The hourly electrical production from PV panels has been estimated using real monthly electrical production combined with hourly specific production profiles developed by the company that manage the incentive mechanisms aimed at promoting electricity generated from renewable sources (GSE), as shown in Figure 2.
Table 3. Monthly production from PV panels
|
Month |
Ind1 [MWh] |
Ind2 [MWh] |
Com1 [MWh] |
|
Jan |
50.39 |
33.85 |
2.40 |
|
Feb |
59.76 |
50.36 |
3.61 |
|
Mar |
98.57 |
91.52 |
6.64 |
|
Apr |
160.57 |
114.49 |
8.35 |
|
May |
183.69 |
137.64 |
10.09 |
|
June |
184.57 |
148.93 |
10.91 |
|
July |
188.80 |
155.23 |
11.41 |
|
Aug |
188.53 |
133.46 |
9.76 |
|
Sep |
120.78 |
100.71 |
7.33 |
|
Oct |
64.76 |
65.56 |
4.71 |
|
Nov |
44.00 |
35.05 |
2.49 |
|
Dec |
48.37 |
27.70 |
1.94 |
Figure 2. Hourly specific production profile of PV for four average days (G1: Jan-Nov-Dec; G2: Feb-Mar-Oct; G3: Apr-Aug-Sep; G4: May-June-July)

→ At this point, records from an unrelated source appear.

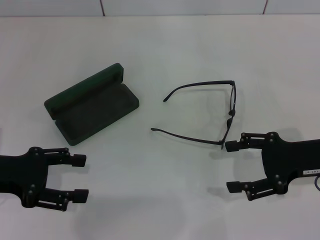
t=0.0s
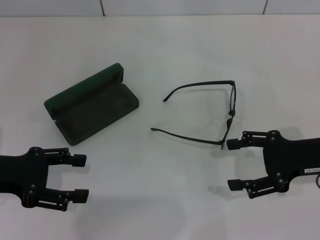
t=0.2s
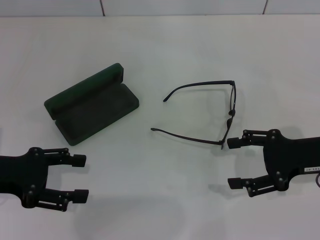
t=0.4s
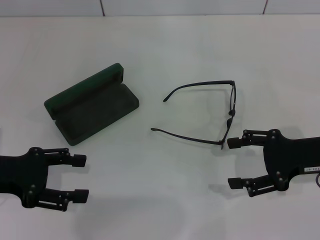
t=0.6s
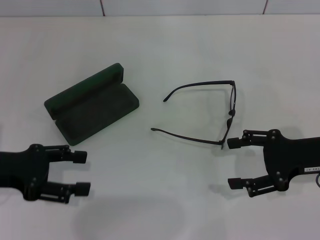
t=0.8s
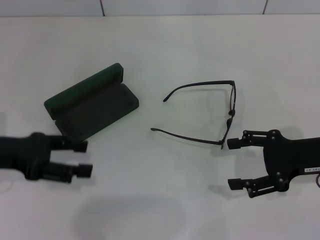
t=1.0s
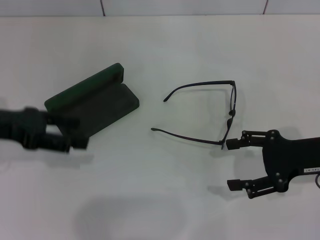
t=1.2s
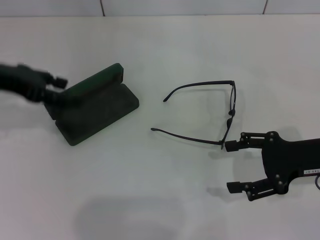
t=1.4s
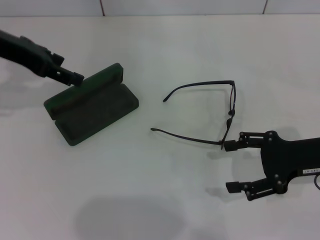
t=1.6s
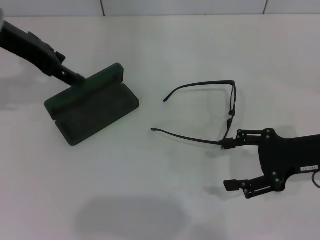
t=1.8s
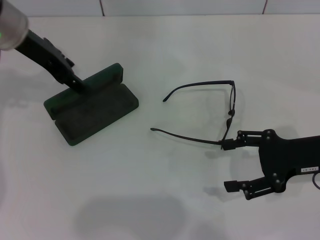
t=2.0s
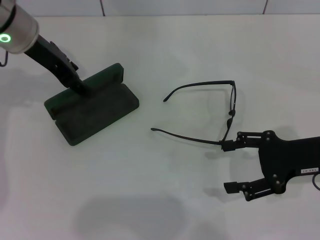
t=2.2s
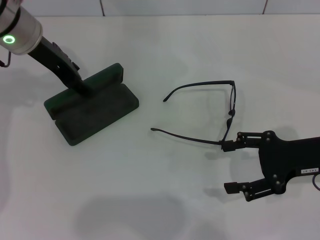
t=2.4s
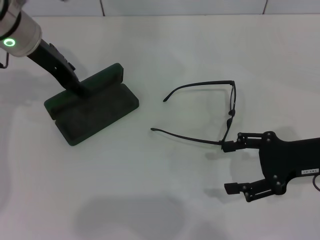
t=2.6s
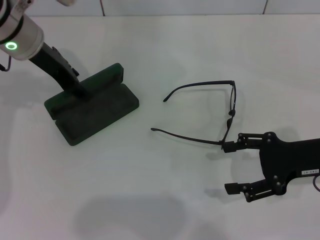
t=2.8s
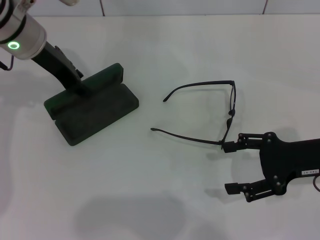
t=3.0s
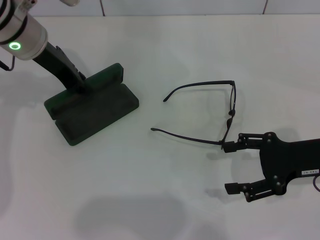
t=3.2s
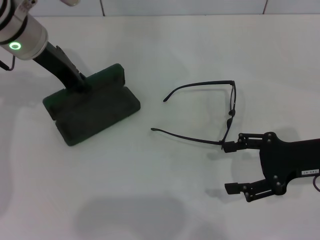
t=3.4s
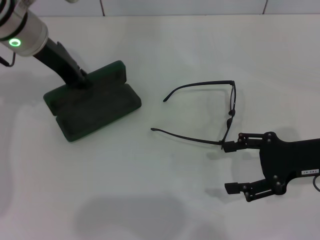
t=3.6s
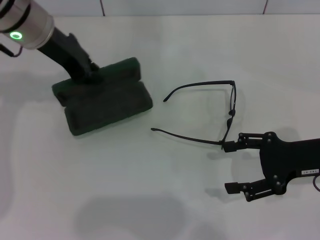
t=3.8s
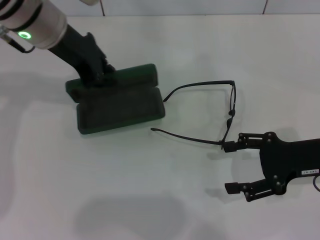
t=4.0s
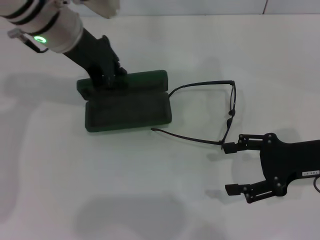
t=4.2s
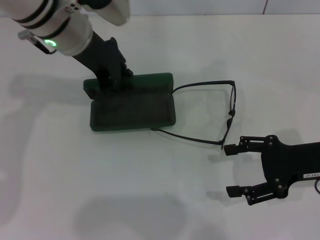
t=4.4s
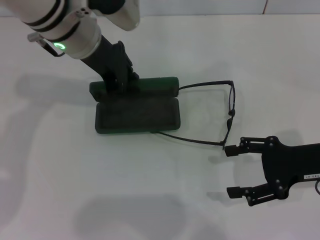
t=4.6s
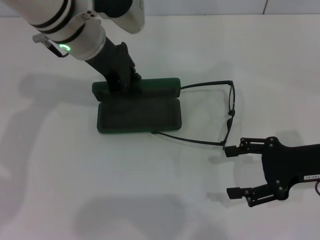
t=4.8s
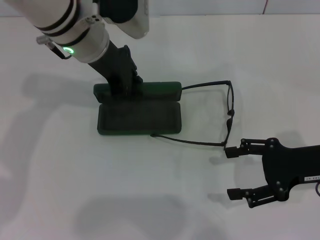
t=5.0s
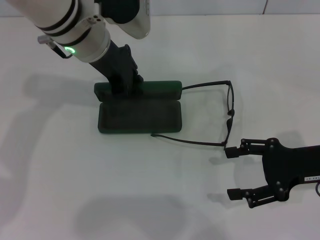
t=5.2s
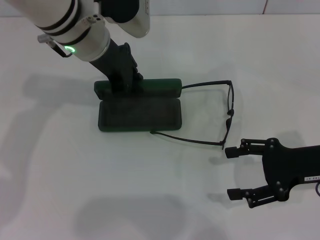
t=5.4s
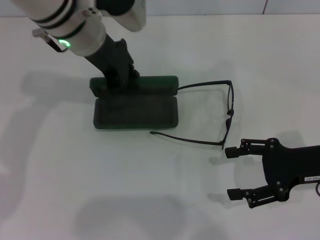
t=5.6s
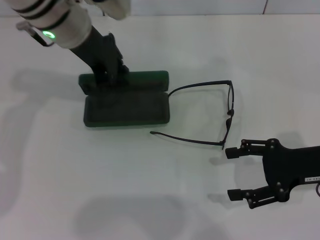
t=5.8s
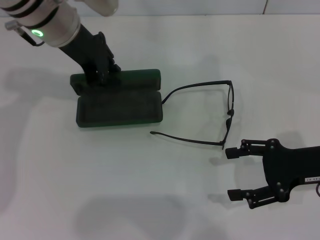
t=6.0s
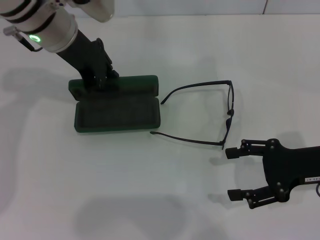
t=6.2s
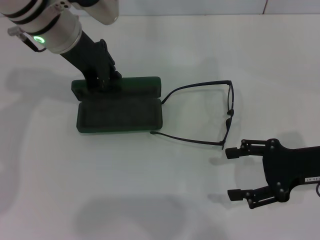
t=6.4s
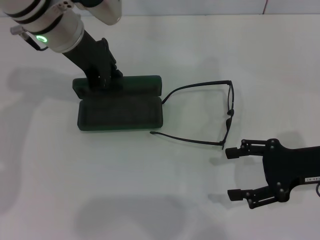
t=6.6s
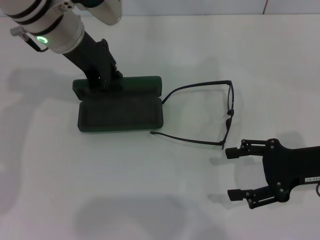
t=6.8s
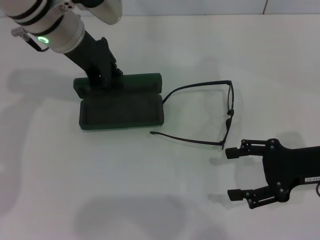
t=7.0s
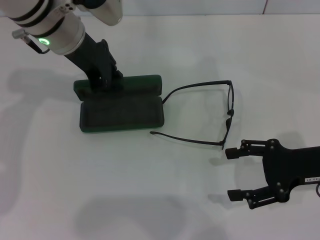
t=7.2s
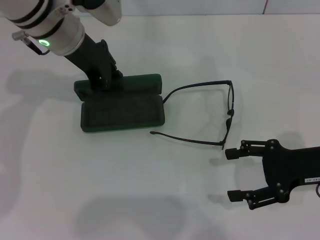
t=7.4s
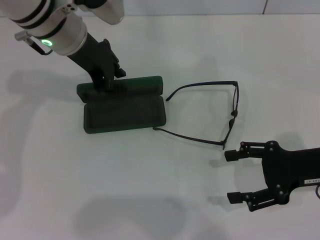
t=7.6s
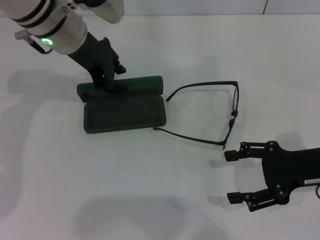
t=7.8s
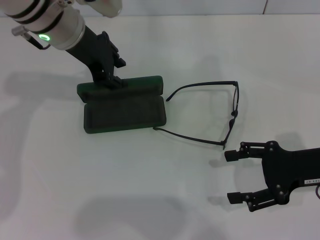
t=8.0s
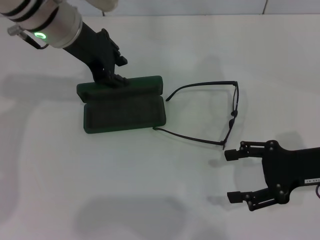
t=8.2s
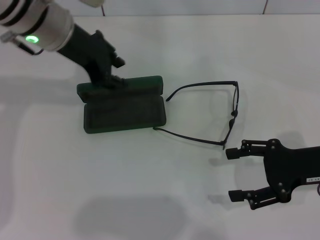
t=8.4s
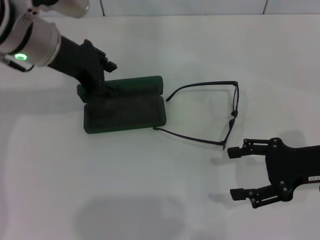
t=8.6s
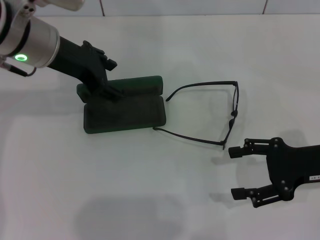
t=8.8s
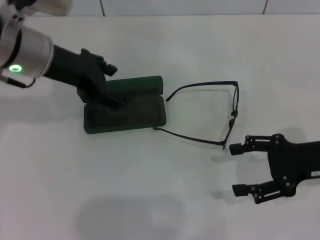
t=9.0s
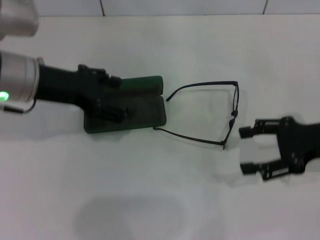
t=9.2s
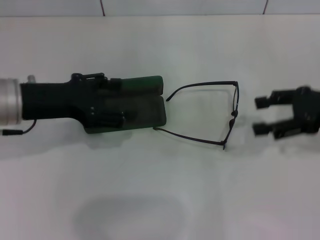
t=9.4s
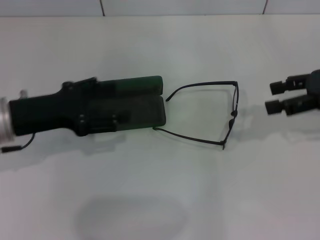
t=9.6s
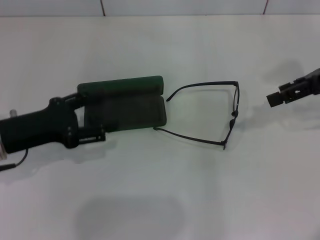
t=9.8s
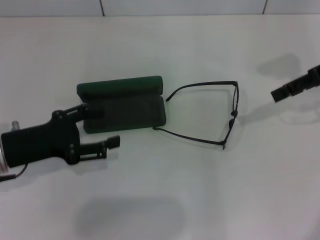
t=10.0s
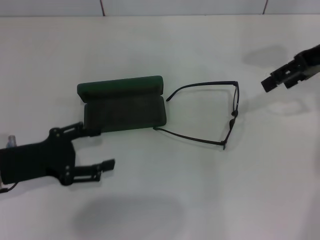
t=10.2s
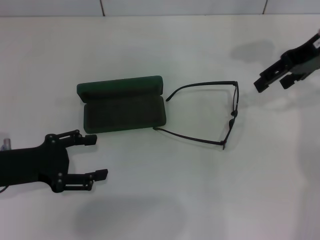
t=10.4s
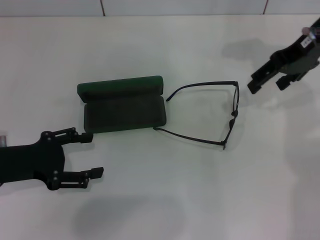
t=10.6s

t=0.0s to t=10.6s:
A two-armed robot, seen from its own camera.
Step, t=0.0s to t=3.2s: Grab the glasses case with your left hand.
Step, t=3.4s to t=7.6s: Place the glasses case in the center of the table with your left hand.
t=0.0s to t=1.6s: The left gripper goes some 20 cm forward and upward.
t=1.6s to t=3.0s: The left gripper goes some 5 cm to the right.
t=3.0s to t=4.6s: The left gripper goes approximately 5 cm to the right, and closes.
t=4.6s to t=7.6s: The grippers move only a little.
t=7.6s to t=9.0s: The left gripper heads backward, covering some 5 cm, and opens its fingers.
t=9.0s to t=10.6s: The left gripper moves downward, backward and to the left, approximately 20 cm. The right gripper shifts approximately 20 cm forward, upward and to the left.

The operational performance of the REC is quantified through a set of key energy-related performance indicators (KPIs) [11].

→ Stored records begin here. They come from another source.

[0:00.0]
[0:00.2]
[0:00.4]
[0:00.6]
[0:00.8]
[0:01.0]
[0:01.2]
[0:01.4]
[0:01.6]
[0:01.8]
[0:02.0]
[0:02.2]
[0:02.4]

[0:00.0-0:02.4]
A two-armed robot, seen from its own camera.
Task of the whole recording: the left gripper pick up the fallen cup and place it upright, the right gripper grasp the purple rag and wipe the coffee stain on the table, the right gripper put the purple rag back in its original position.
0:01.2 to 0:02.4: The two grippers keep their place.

Two widely adopted KPIs are the Self-Consumption Ratio (SCR) and the Self-Sufficiency Ratio (SSR), which capture the technical and energetic alignment between local generation and demand. Specifically, these indicators assess the temporal and quantitative correspondence between distributed energy production and consumption. The SCR quantifies the proportion of locally generated electricity that is directly self-consumed by REC members, while the SSR evaluates the extent to which the energy demand of the REC is met by its own photovoltaic generation. Notably, SSR also reflects the level of autonomy from the external power grid.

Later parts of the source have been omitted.